[[ Material to process, beginning ]]

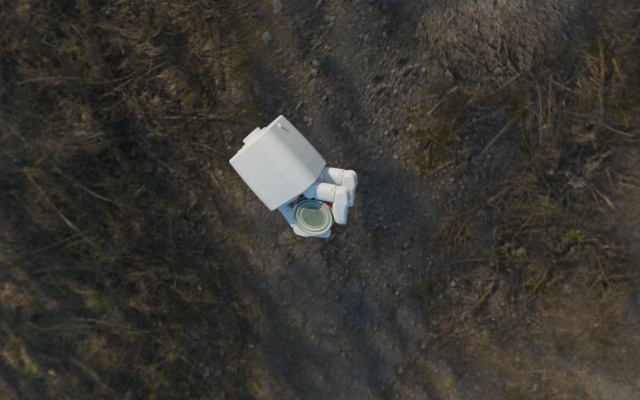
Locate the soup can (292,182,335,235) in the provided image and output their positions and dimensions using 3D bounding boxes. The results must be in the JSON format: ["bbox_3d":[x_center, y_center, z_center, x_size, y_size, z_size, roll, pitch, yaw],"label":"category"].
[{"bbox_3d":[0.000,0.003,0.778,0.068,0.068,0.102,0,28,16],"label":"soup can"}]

[[ Material to process, end ]]
[[ Material to process, beginning ]]

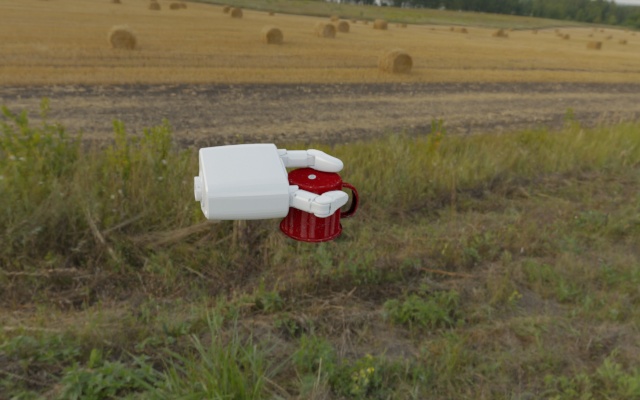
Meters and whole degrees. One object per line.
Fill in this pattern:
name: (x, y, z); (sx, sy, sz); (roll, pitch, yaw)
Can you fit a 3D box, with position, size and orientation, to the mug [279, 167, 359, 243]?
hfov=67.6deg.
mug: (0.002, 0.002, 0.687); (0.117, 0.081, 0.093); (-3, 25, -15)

[[ Material to process, end ]]
[[ Material to process, beginning ]]

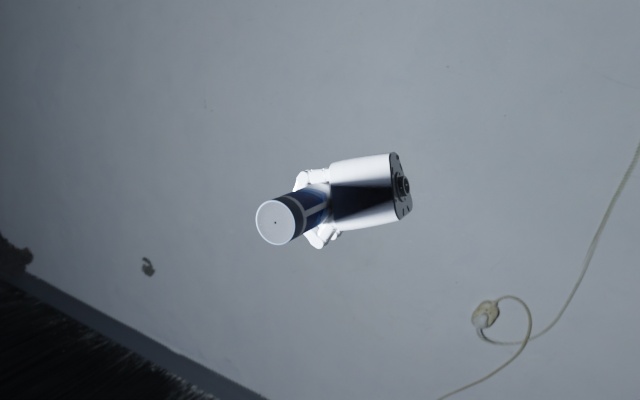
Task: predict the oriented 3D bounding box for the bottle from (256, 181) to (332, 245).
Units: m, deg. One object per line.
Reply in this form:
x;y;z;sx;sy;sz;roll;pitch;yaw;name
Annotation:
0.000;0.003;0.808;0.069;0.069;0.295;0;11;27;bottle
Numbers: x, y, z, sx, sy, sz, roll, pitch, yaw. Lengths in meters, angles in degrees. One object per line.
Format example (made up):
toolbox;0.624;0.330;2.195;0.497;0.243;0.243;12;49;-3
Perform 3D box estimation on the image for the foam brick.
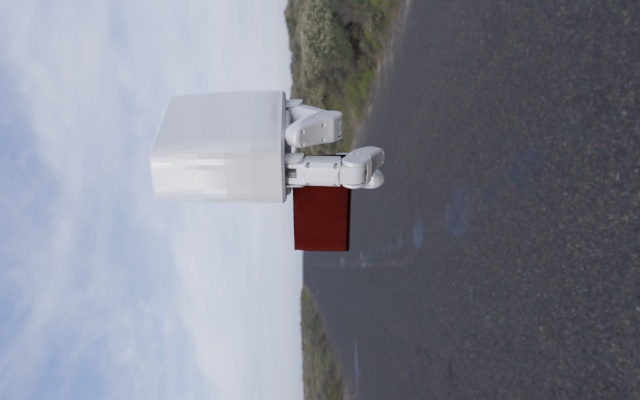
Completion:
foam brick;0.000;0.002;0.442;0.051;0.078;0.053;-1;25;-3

[[ Material to process, end ]]

Aim of the task: Go through the listing, find each line with the word "degrees", and copy it.

Completed task:
Meters and whole degrees. One object per line.
Numbers: x, y, z, sx, sy, sz, roll, pitch, yaw. Lengths in meters, angles in degrees. One object per line.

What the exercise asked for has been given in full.